**Records provided**

※ ※ ※

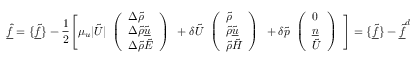<formula> <loc_0><loc_0><loc_500><loc_500>\underline { { \hat { f } } } = \{ \underline { { \tilde { f } } } \} - \frac { 1 } { 2 } \left [ \mu _ { u } | \tilde { U } | \begin{array} { l } { \left ( \begin{array} { l } { \Delta \tilde { \rho } } \\ { \Delta \tilde { \rho } \tilde { \underline { u } } } \\ { \Delta \tilde { \rho } \tilde { E } } \end{array} \right ) } \end{array} + \delta \tilde { U } \begin{array} { l } { \left ( \begin{array} { l } { \tilde { \rho } } \\ { \tilde { \rho } \tilde { \underline { u } } } \\ { \tilde { \rho } \tilde { H } } \end{array} \right ) } \end{array} + \delta \tilde { p } \begin{array} { l } { \left ( \begin{array} { l } { 0 } \\ { \underline { n } } \\ { \tilde { U } } \end{array} \right ) } \end{array} \right ] = \{ \underline { { \tilde { f } } } \} - \underline { { \tilde { f } } } ^ { d }</formula> 
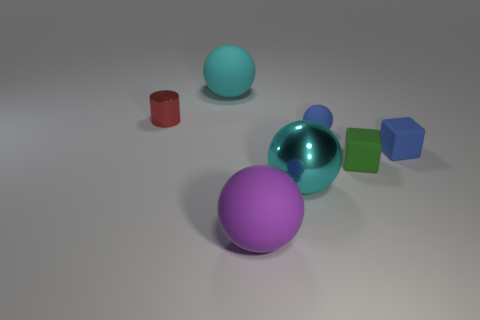What size is the matte sphere that is the same color as the large shiny object?
Provide a succinct answer. Large. There is a big rubber ball that is behind the metallic object that is right of the tiny metallic cylinder; what number of big cyan metallic objects are behind it?
Your response must be concise. 0. Is the color of the small rubber sphere the same as the big object behind the tiny metal object?
Give a very brief answer. No. There is a large rubber thing that is the same color as the large shiny sphere; what shape is it?
Keep it short and to the point. Sphere. There is a big cyan object that is in front of the cyan object behind the metal object that is behind the small blue cube; what is its material?
Make the answer very short. Metal. There is a large matte object that is behind the small red metal object; is it the same shape as the tiny metal thing?
Offer a very short reply. No. What is the cyan ball to the left of the purple object made of?
Give a very brief answer. Rubber. How many matte things are either yellow blocks or blue balls?
Give a very brief answer. 1. Are there any cubes that have the same size as the cyan metallic sphere?
Offer a terse response. No. Are there more tiny blue matte objects that are to the left of the cyan rubber object than large blue things?
Your response must be concise. No. 
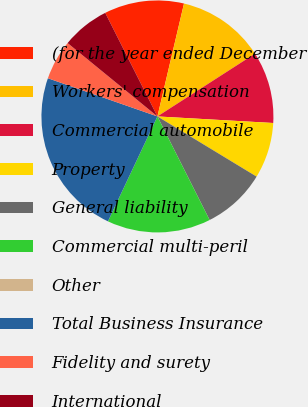Convert chart. <chart><loc_0><loc_0><loc_500><loc_500><pie_chart><fcel>(for the year ended December<fcel>Workers' compensation<fcel>Commercial automobile<fcel>Property<fcel>General liability<fcel>Commercial multi-peril<fcel>Other<fcel>Total Business Insurance<fcel>Fidelity and surety<fcel>International<nl><fcel>11.11%<fcel>12.22%<fcel>10.0%<fcel>7.78%<fcel>8.89%<fcel>14.44%<fcel>0.0%<fcel>23.33%<fcel>5.56%<fcel>6.67%<nl></chart> 
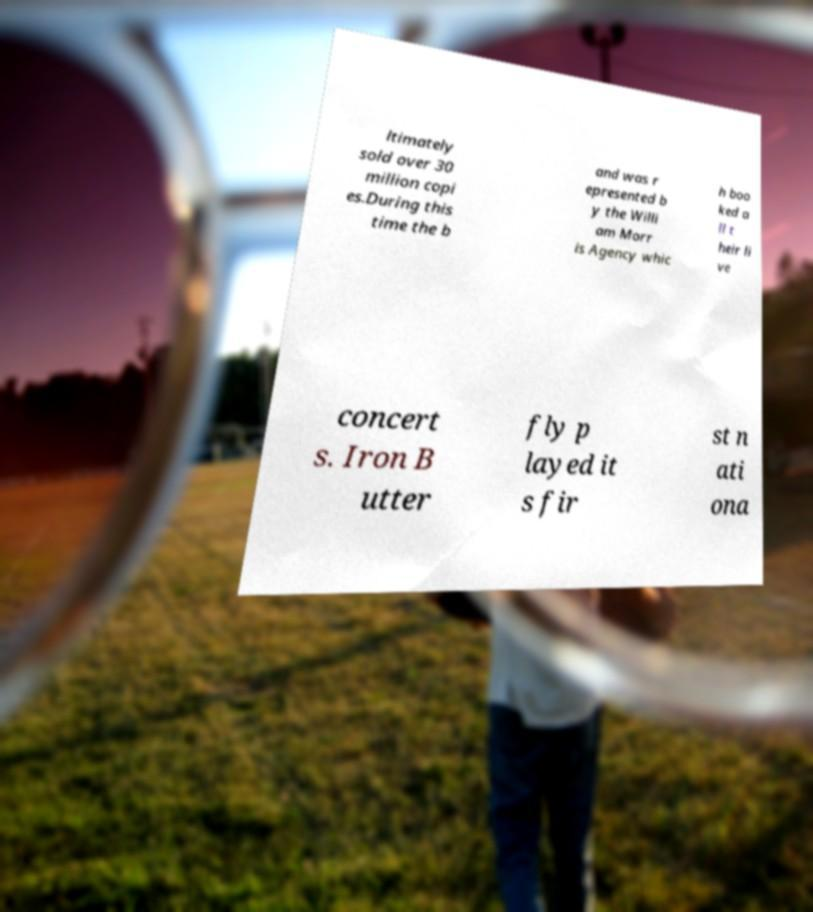Could you assist in decoding the text presented in this image and type it out clearly? ltimately sold over 30 million copi es.During this time the b and was r epresented b y the Willi am Morr is Agency whic h boo ked a ll t heir li ve concert s. Iron B utter fly p layed it s fir st n ati ona

※ ※ ※

**Aim of the exercise**
Leave the pictures aside. Set down exactly the lines from the one with "the year ended" through the final line of the listing above.

**Output for this task**
Convert chart. <chart><loc_0><loc_0><loc_500><loc_500><pie_chart><fcel>(for the year ended December<fcel>Workers' compensation<fcel>Commercial automobile<fcel>Property<fcel>General liability<fcel>Commercial multi-peril<fcel>Other<fcel>Total Business Insurance<fcel>Fidelity and surety<fcel>International<nl><fcel>11.11%<fcel>12.22%<fcel>10.0%<fcel>7.78%<fcel>8.89%<fcel>14.44%<fcel>0.0%<fcel>23.33%<fcel>5.56%<fcel>6.67%<nl></chart> 
Could you assist in decoding the text presented in this image and type it out clearly? ltimately sold over 30 million copi es.During this time the b and was r epresented b y the Willi am Morr is Agency whic h boo ked a ll t heir li ve concert s. Iron B utter fly p layed it s fir st n ati ona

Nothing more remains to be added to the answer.